====== Exercise data ======
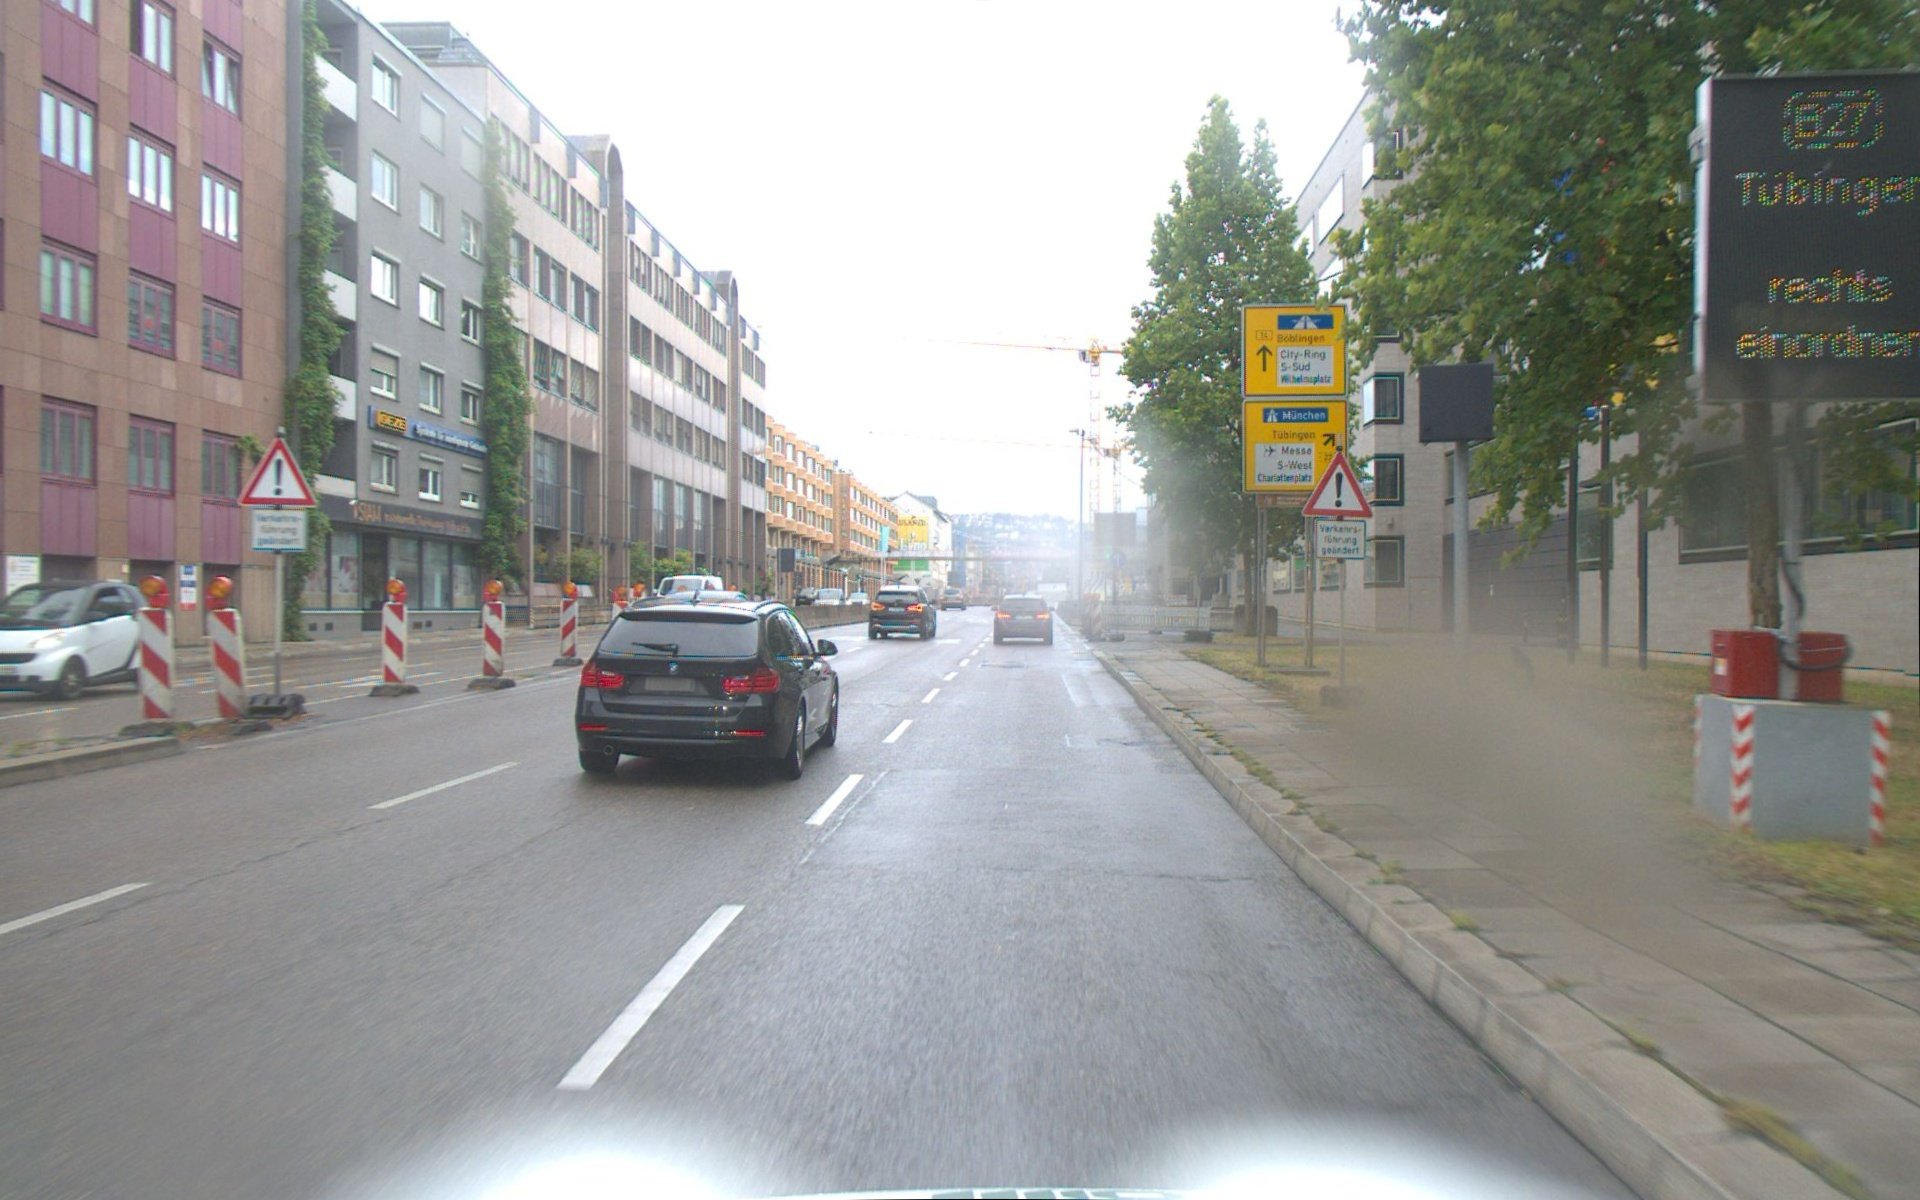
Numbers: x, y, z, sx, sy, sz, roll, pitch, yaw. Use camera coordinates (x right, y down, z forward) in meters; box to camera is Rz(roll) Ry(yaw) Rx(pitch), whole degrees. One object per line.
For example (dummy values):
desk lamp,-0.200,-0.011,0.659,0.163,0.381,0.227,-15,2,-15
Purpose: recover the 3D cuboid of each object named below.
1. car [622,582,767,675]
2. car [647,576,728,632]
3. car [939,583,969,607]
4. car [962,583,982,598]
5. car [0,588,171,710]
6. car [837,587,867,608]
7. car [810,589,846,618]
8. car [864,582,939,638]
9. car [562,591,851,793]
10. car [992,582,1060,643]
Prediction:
car,-4.453,0.454,28.347,1.754,1.451,4.384,-1,0,0
car,-10.220,0.146,62.448,1.952,2.025,5.291,-1,0,2
car,-0.473,-0.373,126.004,1.860,1.723,4.003,-1,0,6
car,1.386,-1.035,186.739,1.952,1.648,4.765,-1,0,3
car,-12.112,0.620,22.102,1.523,1.510,2.951,-1,0,5
car,-8.077,-0.171,123.736,1.822,1.560,4.231,-1,0,1
car,-8.366,0.199,105.279,1.685,1.801,4.427,-1,0,3
car,-1.834,0.307,52.861,1.860,1.723,4.003,-1,0,6
car,-2.036,0.671,14.608,1.754,1.451,4.614,1,0,1
car,2.026,0.351,50.067,1.860,1.723,4.002,1,0,4
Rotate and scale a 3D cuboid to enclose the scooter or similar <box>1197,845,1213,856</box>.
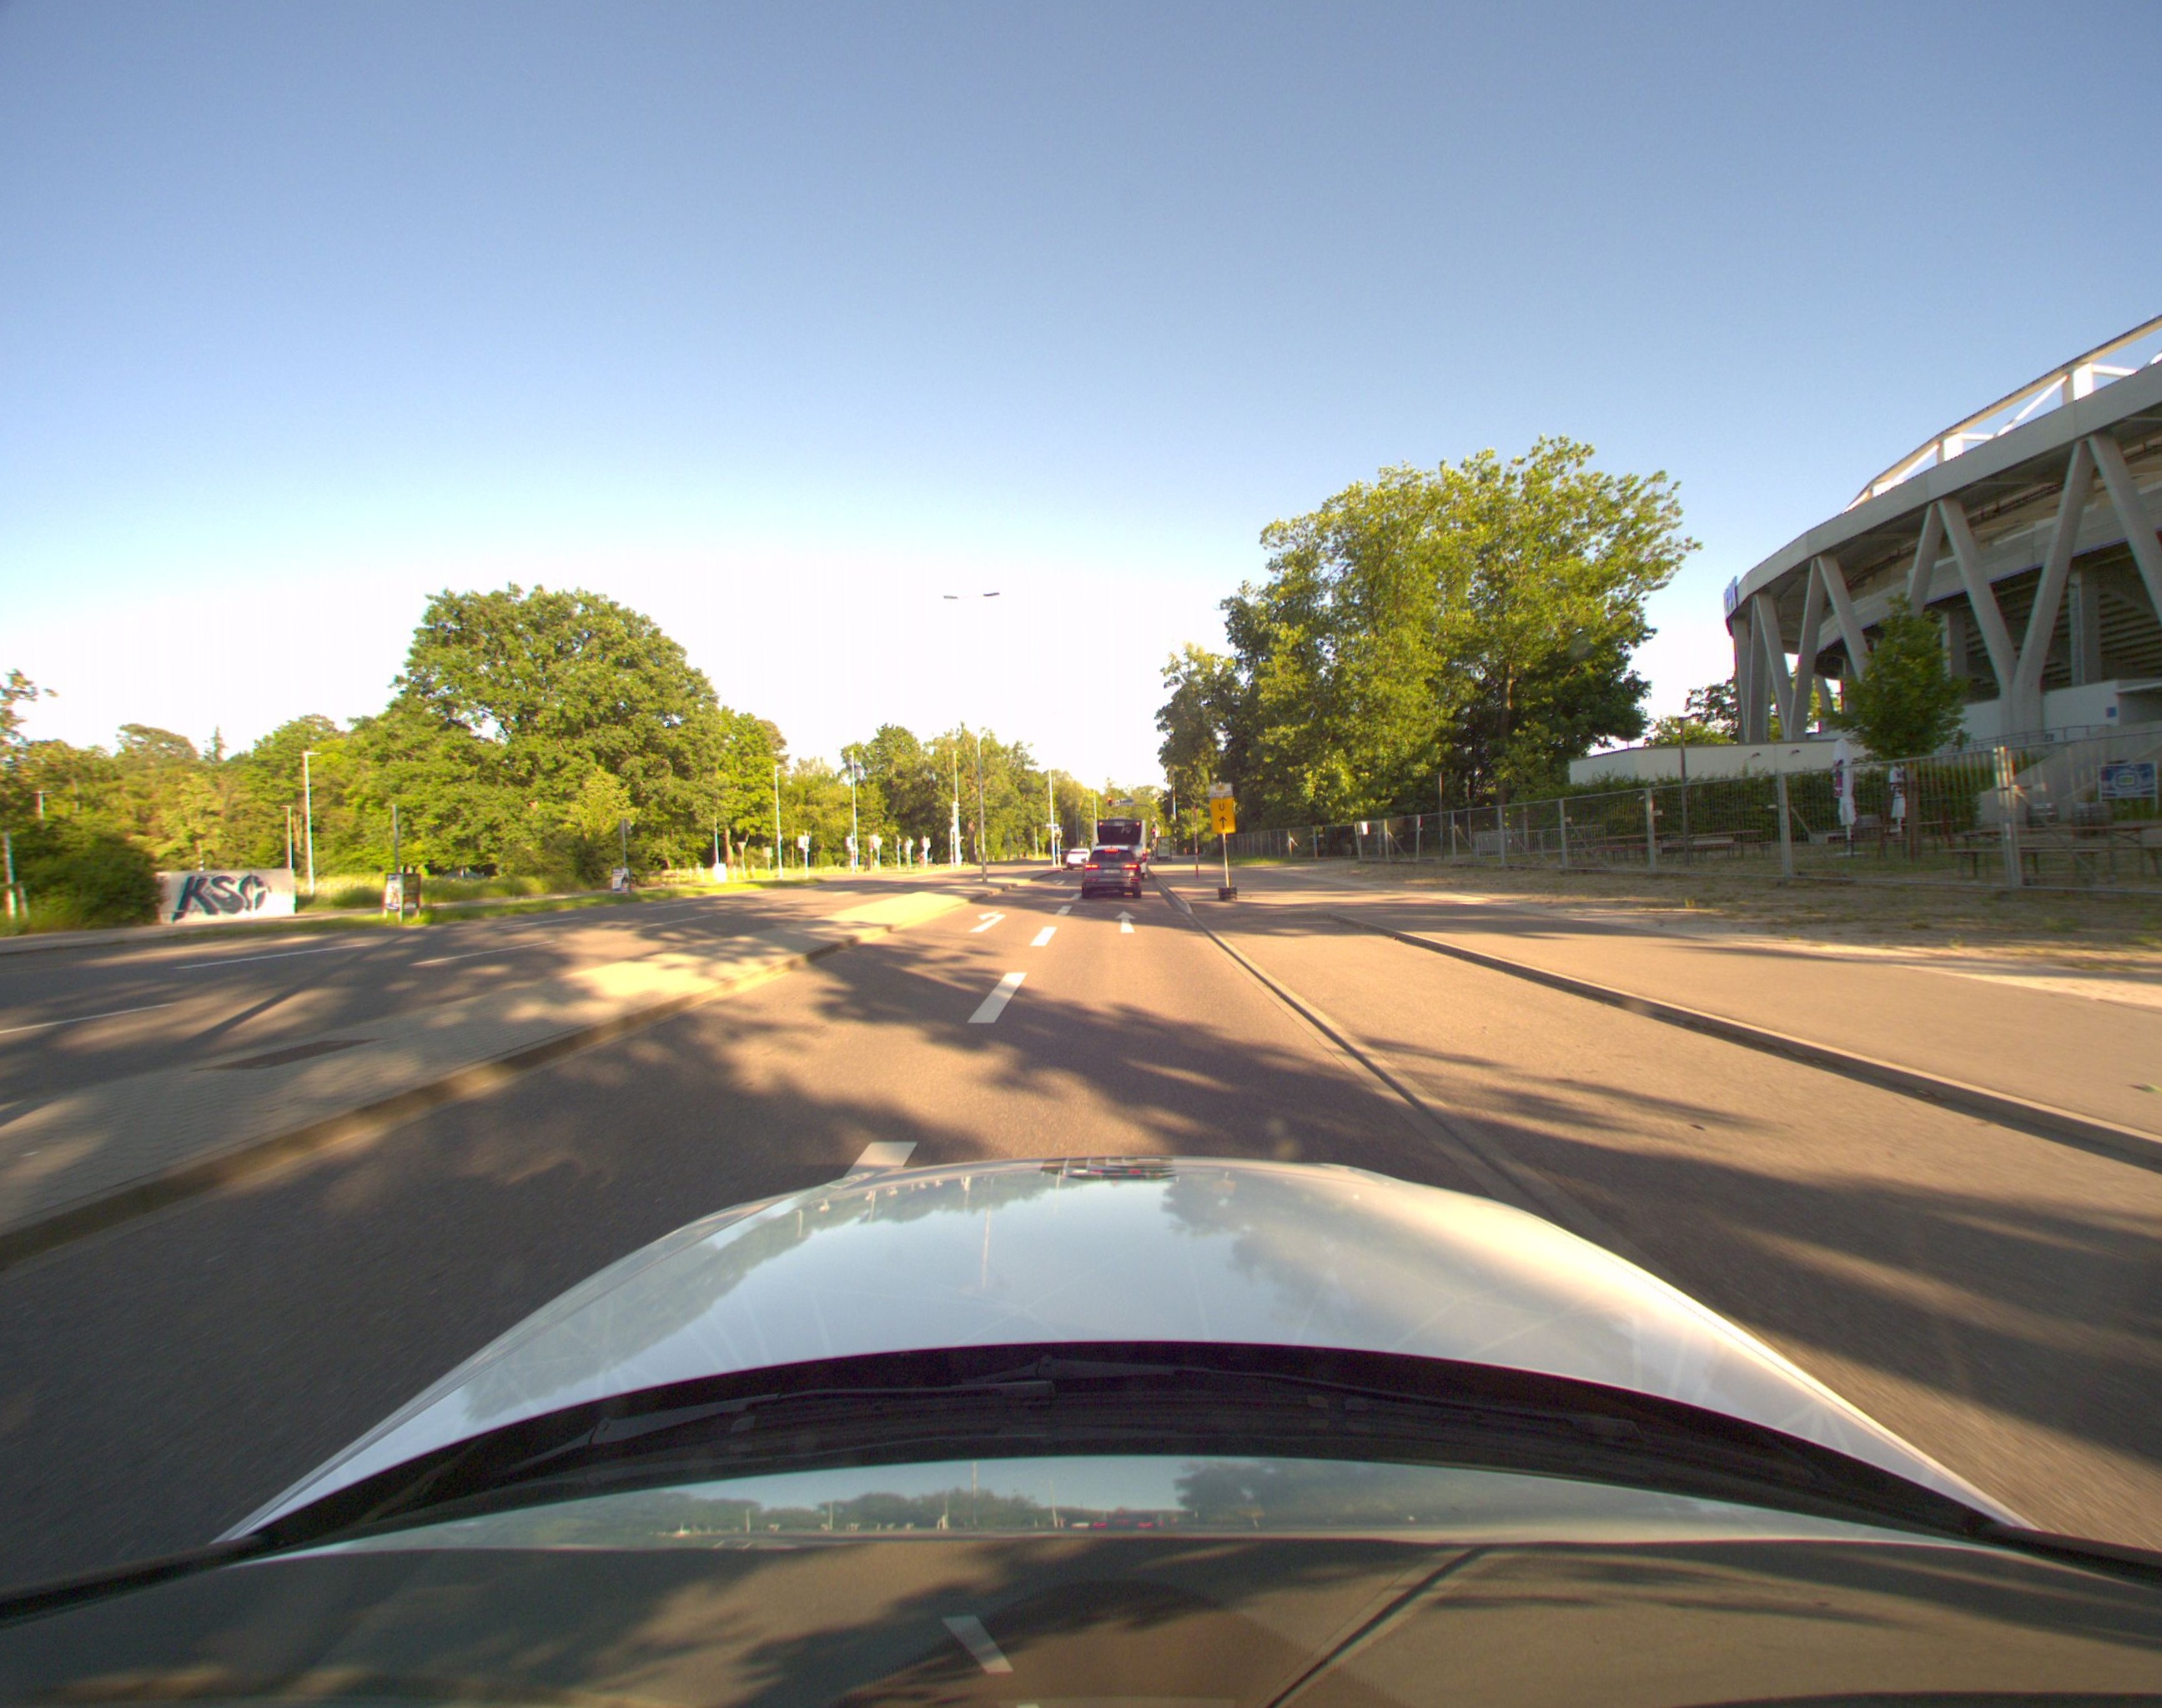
[{"bbox_3d":[16.832,-0.512,110.637,2.024,1.444,0.601,-3,0,-22],"label":"scooter or similar"}]

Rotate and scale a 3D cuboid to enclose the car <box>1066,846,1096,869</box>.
[{"bbox_3d":[0.032,0.224,58.406,1.828,1.518,4.004,-2,0,3],"label":"car"}]

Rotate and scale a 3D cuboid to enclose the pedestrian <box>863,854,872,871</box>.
[{"bbox_3d":[-20.025,0.794,76.355,0.652,1.560,0.533,-3,0,-39],"label":"pedestrian"}]

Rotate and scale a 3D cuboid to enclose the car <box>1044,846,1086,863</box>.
[{"bbox_3d":[-1.695,0.078,87.550,4.004,1.640,2.050,-3,0,-22],"label":"car"}]

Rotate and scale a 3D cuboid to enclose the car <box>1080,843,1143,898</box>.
[{"bbox_3d":[1.042,0.474,26.582,1.890,1.632,4.004,-1,0,3],"label":"car"}]

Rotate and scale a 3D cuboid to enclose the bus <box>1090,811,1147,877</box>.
[{"bbox_3d":[2.012,-0.457,42.199,2.584,2.989,9.335,-1,0,3],"label":"bus"}]
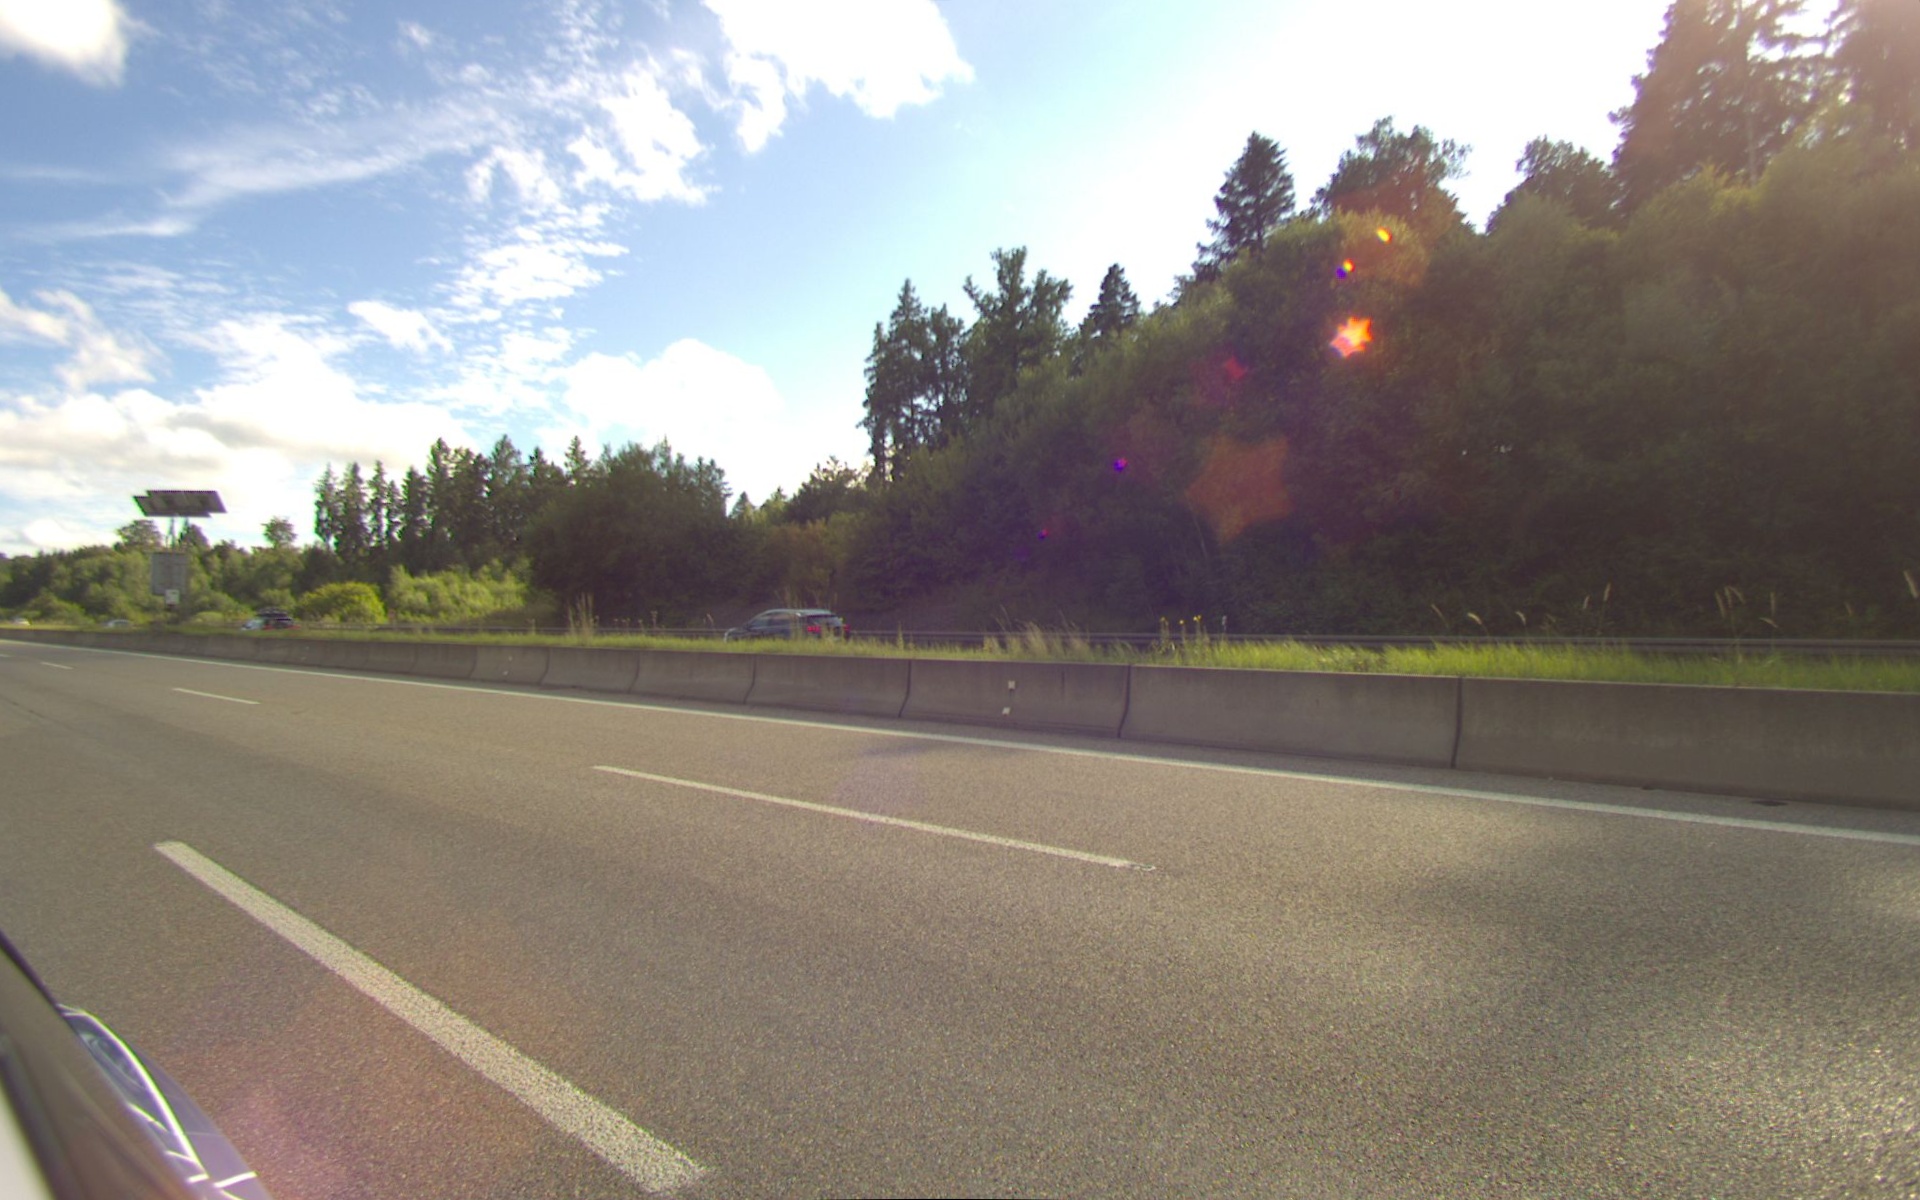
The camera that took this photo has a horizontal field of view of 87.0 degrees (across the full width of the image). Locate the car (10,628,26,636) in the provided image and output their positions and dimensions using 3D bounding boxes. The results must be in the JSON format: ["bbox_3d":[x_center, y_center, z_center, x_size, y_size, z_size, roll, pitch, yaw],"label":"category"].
[{"bbox_3d":[-150.102,5.102,161.214,3.172,1.102,1.575,-1,-1,42],"label":"car"}]

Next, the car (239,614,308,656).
[{"bbox_3d":[-35.363,1.782,52.087,4.069,2.029,1.973,-1,-1,41],"label":"car"}]

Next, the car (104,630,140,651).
[{"bbox_3d":[-77.494,3.721,93.565,4.427,1.920,1.906,-1,-1,41],"label":"car"}]

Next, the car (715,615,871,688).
======
Task
Write out exactly the lines that run from the one containing "Rotate and scale a 3D cuboid to enclose the bus" to the last line of the entries above, both ends kept, pictures left out.

Answer
Rotate and scale a 3D cuboid to enclose the bus <box>1090,811,1147,877</box>.
[{"bbox_3d":[2.012,-0.457,42.199,2.584,2.989,9.335,-1,0,3],"label":"bus"}]
The camera that took this photo has a horizontal field of view of 87.0 degrees (across the full width of the image). Locate the car (10,628,26,636) in the provided image and output their positions and dimensions using 3D bounding boxes. The results must be in the JSON format: ["bbox_3d":[x_center, y_center, z_center, x_size, y_size, z_size, roll, pitch, yaw],"label":"category"].
[{"bbox_3d":[-150.102,5.102,161.214,3.172,1.102,1.575,-1,-1,42],"label":"car"}]

Next, the car (239,614,308,656).
[{"bbox_3d":[-35.363,1.782,52.087,4.069,2.029,1.973,-1,-1,41],"label":"car"}]

Next, the car (104,630,140,651).
[{"bbox_3d":[-77.494,3.721,93.565,4.427,1.920,1.906,-1,-1,41],"label":"car"}]

Next, the car (715,615,871,688).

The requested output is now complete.